To save money on prescription drugs, it is often necessary to have a prescription in hand to send to an international online pharmacy or shop around at local pharmacies to compare their prices and discounts. However, some U.S. states, like New York, now require that most health professionals write prescriptions electronically, without giving you a paper prescription.

So are you out of luck if you need a paper prescription?

Fortunately, not.

The rules, for example, in New York (where e-prescribing becomes mandatory on March 27, 2016) provide exceptions to allow written prescriptions. One of these is when the prescription is “to be dispensed by a pharmacy located outside the state.” Therefore, in New York, a doctor can still legally hand you a prescription if you intend to have it filled outside of New York. (You can read this for yourself in paragraph (c)(5) of Title 10 NYCRR Section 80.64).
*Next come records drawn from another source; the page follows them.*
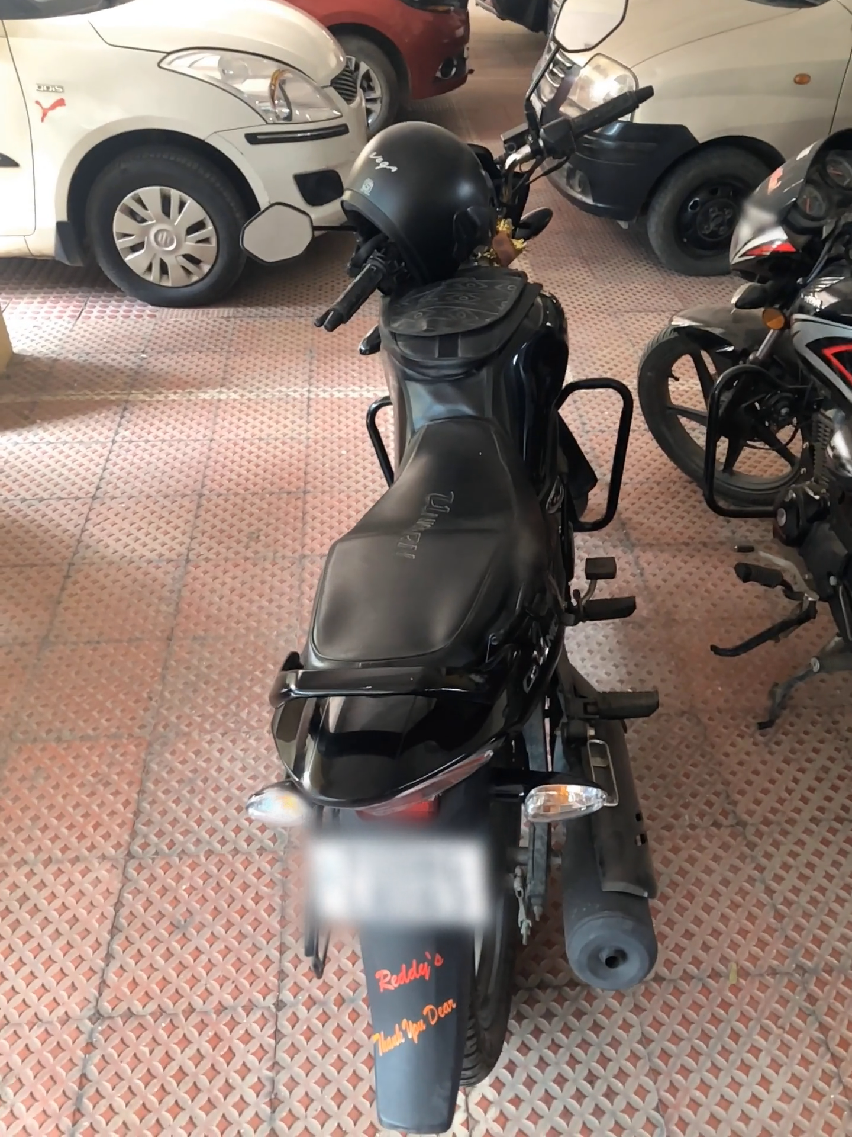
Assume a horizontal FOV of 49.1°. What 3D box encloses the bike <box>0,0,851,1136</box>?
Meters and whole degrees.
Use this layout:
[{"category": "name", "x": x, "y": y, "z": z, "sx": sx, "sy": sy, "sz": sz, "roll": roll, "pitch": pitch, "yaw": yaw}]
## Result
[{"category": "bike", "x": -0.076, "y": -0.176, "z": 1.710, "sx": 0.804, "sy": 1.200, "sz": 1.692, "roll": 2, "pitch": 40, "yaw": 1}]
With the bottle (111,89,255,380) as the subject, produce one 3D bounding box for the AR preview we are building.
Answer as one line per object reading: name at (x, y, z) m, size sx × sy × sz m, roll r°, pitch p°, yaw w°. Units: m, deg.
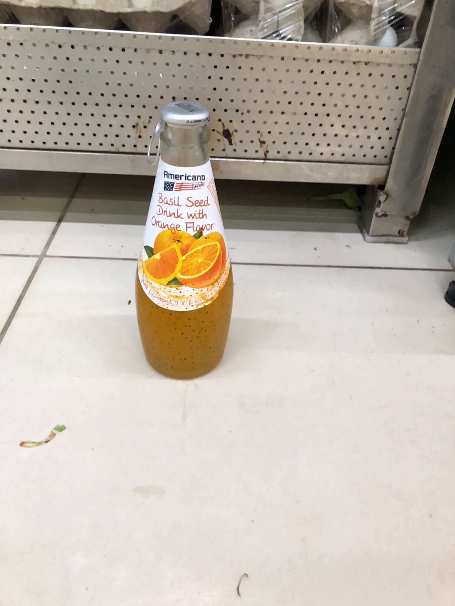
bottle at (-0.029, -0.039, 0.323) m, size 0.070 × 0.169 × 0.070 m, roll 2°, pitch 35°, yaw -2°
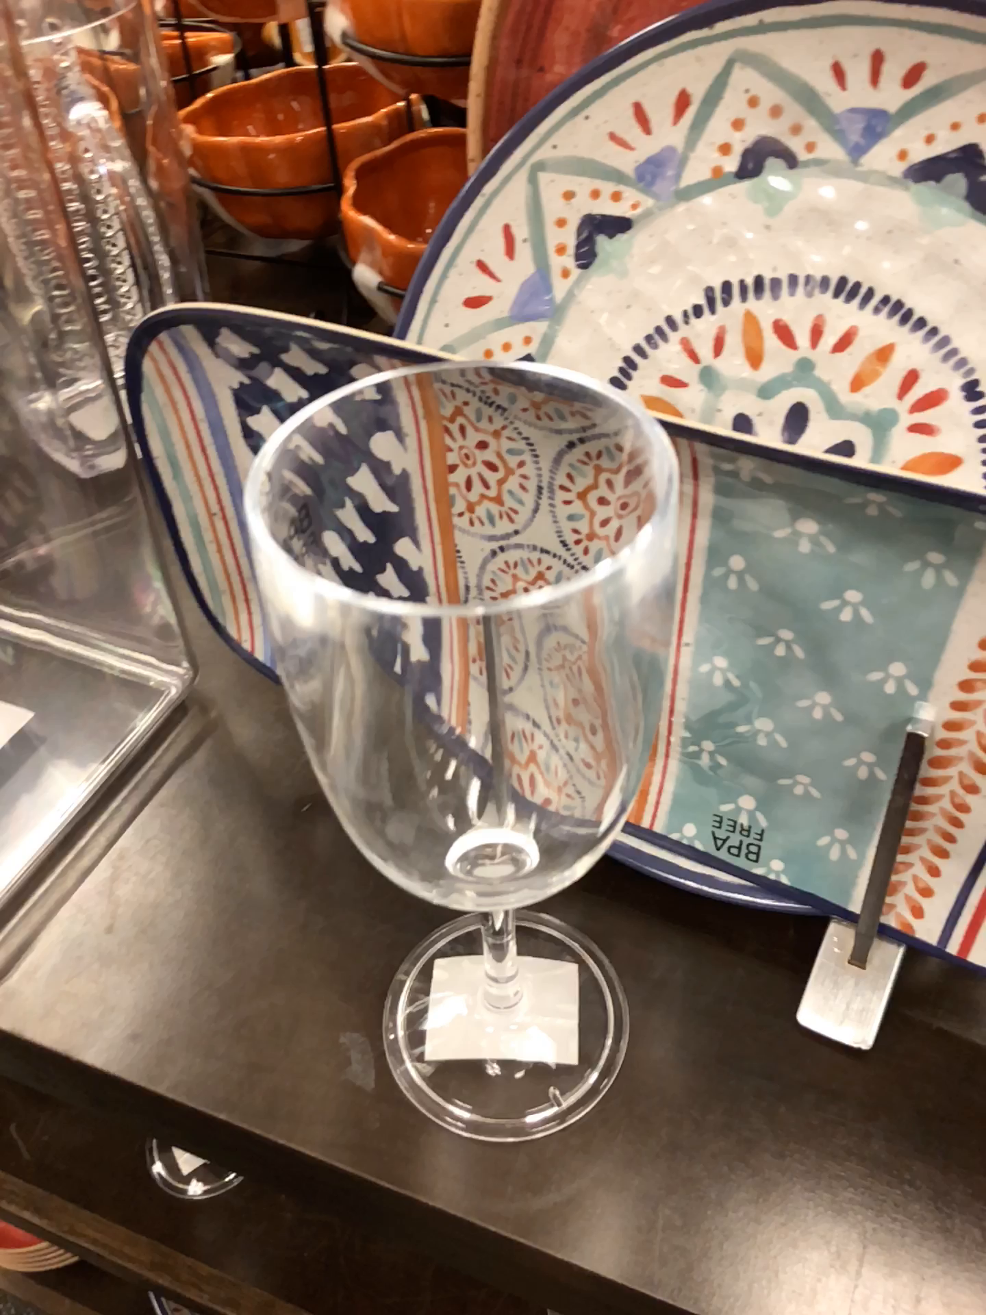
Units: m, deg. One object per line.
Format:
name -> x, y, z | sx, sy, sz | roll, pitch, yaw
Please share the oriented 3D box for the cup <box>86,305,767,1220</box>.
cup -> -0.003, 0.036, 0.257 | 0.090, 0.200, 0.085 | -2, 44, 2

The New York law also says that a doctor who gives you a written prescription is supposed to report the issuance of that prescription to the New York Department of Health within 48 hours. However, the law does not explain how this to be done, so I asked the Department of Health. My question was forwarded to a pharmacist consultant with the department who called me back this morning. He told me that if a written prescription is given to a patient under one of the exceptions, “there is currently no functionality for reporting that to the Department of Health.” Instead, he said “the fact that a written prescription was given should just be noted in the patient’s chart.”

I also asked the pharmacist if a doctor can give a patient a written prescription so they can shop it around to find an affordable price or discount. He said that that is acceptable “if it’s deemed necessary by the doctor.” Again, he said that this should be noted in the patient’s chart.

UPDATE: Shortly after publishing this blog post, the Department of Health updated its FAQ about e-Prescribing, changing its advice on this topic. It has created an email address (erx@health.ny.gov) to which a practitioner should send a message if a written prescription is given (see details in the FAQ in answers to Q139 to Q143). It would seem prudent to also make a note in the patient’s chart for the reason for the written prescription.

E-prescribing is practiced to some degree in all 50 states and 60% of all NY prescribers already e-prescribe. Minnesota has adopted a comprehensive e-prescribing program. But only NY, as of March 27th, will issue fines to prescribers who don’t follow the rules.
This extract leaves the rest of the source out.